If we go back to this post for a moment, we’ve got a useful benchmark. The Kucharski et al paper that started the whole tracing ball rolling estimated that an outbreak with an overall R0 value of 2.5 – a bit higher than that observed outside settings like cruise ships – would be pushed under Rt = 1 with 70% of contacts traced and down to 0.8 with 80% tracing success. The current overall hit rate is 75%, and we seem to be getting the sort of results that paper suggests we could expect with those inputs.

In conclusion, I’m mostly depressed that the media has managed to turn this into yet another peripheral theatre of the culture wars. As in real warfare, when the great powers’ rivalries get such a theatre involved, they usually leave it devastated. Every time I have read the Guardian‘s coverage of this I have come away feeling actively disinformed. What was the data protection issue about? This got a lot of press but none of it made any effort to find out what the legalities were.

As far as I understand it, the call centre is there to handle bulk numbers of cases with small contact networks, keeping this workload away from the local outbreak-investigation teams, with a view to coping with a second spike.
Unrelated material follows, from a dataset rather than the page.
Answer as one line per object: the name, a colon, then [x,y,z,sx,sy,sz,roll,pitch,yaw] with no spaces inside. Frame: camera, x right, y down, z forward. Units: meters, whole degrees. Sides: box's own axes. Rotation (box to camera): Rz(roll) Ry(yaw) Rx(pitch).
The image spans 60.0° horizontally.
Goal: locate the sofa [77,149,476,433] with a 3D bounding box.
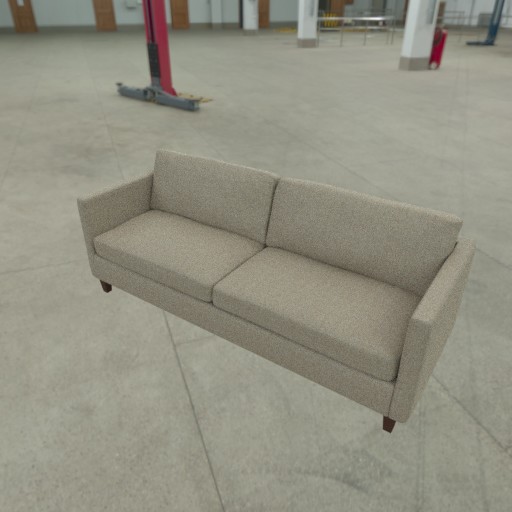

There might be an argument that we should concentrate exclusively on investigations and rely on the ONS’s sample study for surveillance, but that both sounds pretty brave in the Yes, Minister sense of the word, and in the sense that you need the courage of your convictions to actually say it, rather than covering it as an obscure briefing war between institutions with a side-order of yelling at call centre operatives.

Also, it’s possibly worth remembering that the Financial Times was incautious enough to let on that the newspapers are meant to make Matt Hancock “the fall guy” in order to protect Boris Johnson.

3 Comments on "How bad is the contact tracing – really?"


  1. Local authorities are getting poor quality data, that often comes too late to do anything useful. This is due to a fragmented system dominated by private contractors who do not have any sense of urgency.